Auch die Solisten stehen unter Dampf. Bernhard Berchtold überzeugt als Idomeneo sängerisch und mimisch. Countertenor Kangmin Justin Kim ist ein zerrissener, heldenhafter Idamante – die Kopfstimme der Neuentdeckung am Countertenorhimmel leuchtet bis in die letzte Bank. Haussopranistin Naroa Intxausti gibt eine bezaubernde Ilia, ihr Gesang perlt betörend schön. Kirsten Blaise als eifersüchtige Elettra bietet den perfiden Gegenpol zur Ilia. Andreas Karasiak als Arbace setzt auf die hohe Kunst der Koloraturen, während sich Christian Richter als Gran Sacerdote und Calin Valentin Cozma als die Stimme aus dem Off solide ins Gesamtkonstrukt fügen.
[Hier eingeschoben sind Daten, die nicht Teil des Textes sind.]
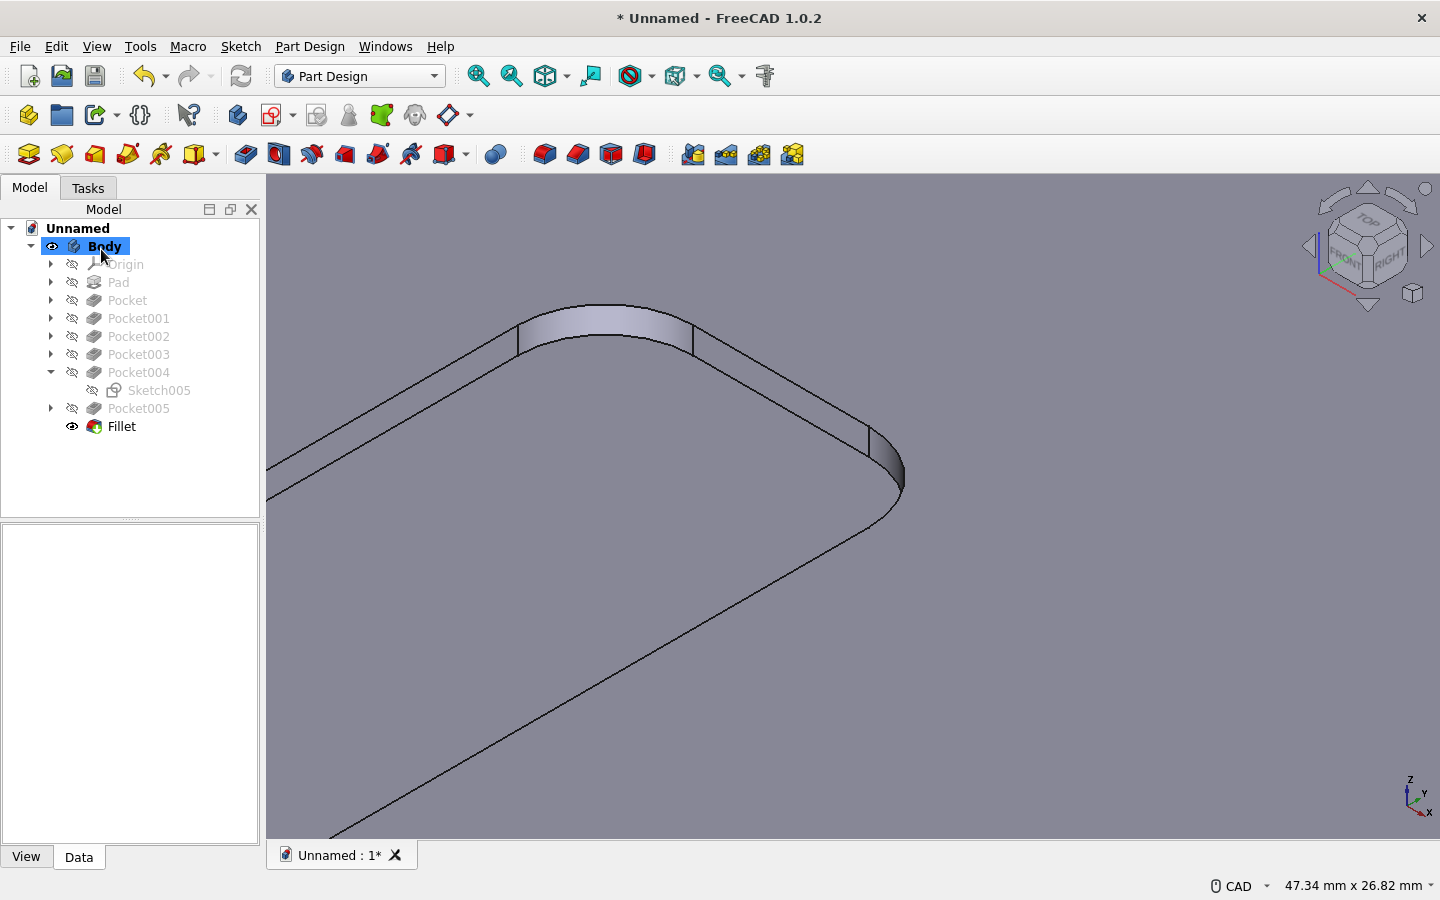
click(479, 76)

Im Graben spielt das Philharmonische Orchester unter der Leitung von Generalmusikdirektor Michael Hofstetter befreit auf. Dem Dirigenten gelingt es, den Musikern eine eigene, in Gießen zuvor nicht gehörte intensive Tonsprache abzuverlangen, die so reich und stimmig erscheint, dass selbst die tröpfelnden Rezitative und nicht enden wollenden Koloraturen in den Arien wie beseelt erklingen. Hofstetter verzichtet auf die Balletteinlage am Ende der Urfassung. Sein Mozart ertönt eine Spur dramatischer als die Version seines Vorbilds Nikolaus Harnoncourt in Zürich. Der einstige Schüler übertrumpft hier den Altmeister.

Heimlicher Star des Abends ist der Chor und Extrachor des Stadttheaters. Neun Titel gilt es, zu bewältigen. Jan Hoffmann hat seine Sänger perfekt ab- und eingestimmt. So wird dieser »Idomeneo« zu einer musikalisch runden Sache.

Leider verschießt Regisseur Lowery sein Kreativpulver bereits im ersten Akt mitsamt der niedlichen Einlage eines Handpuppenspielers (Cozma), der in Zauberkünstlermanier die eigene Puppe im Jungfrauenzersägungspappkarton opfert.

Im zweiten und dritten Durchgang wärmt Lowery die Einfälle nur noch einmal auf, was in der fast dreistündigen Oper für Längen sorgt. Im Showdown konterkariert der Engländer seine Inszenierung und holt den Chor in Straßenkleidung auf die Bühne, nachdem er zuvor einen Videofilm über die Sänger zeigt, gedreht in den Gängen des Stadttheaters während der Probenzeit.

Der Deus ex machina, gern genutzt, wenn der Textautor nicht weiter weiß, setzt dem Spuk ein Ende und befreit Idomeneo von seinem Gelübde. Im Schlussbild ist die Menschheit glücklich: Sie hat den grausamen Götterwillen besiegt und präsentiert – auf Kreta, wie gesagt, der Wiege der Kultur – ein Heer an frisch gezeugten Puppenbabys. Schlussakkord, Vorhang (diesmal der, durch den man nicht hindurchschauen kann).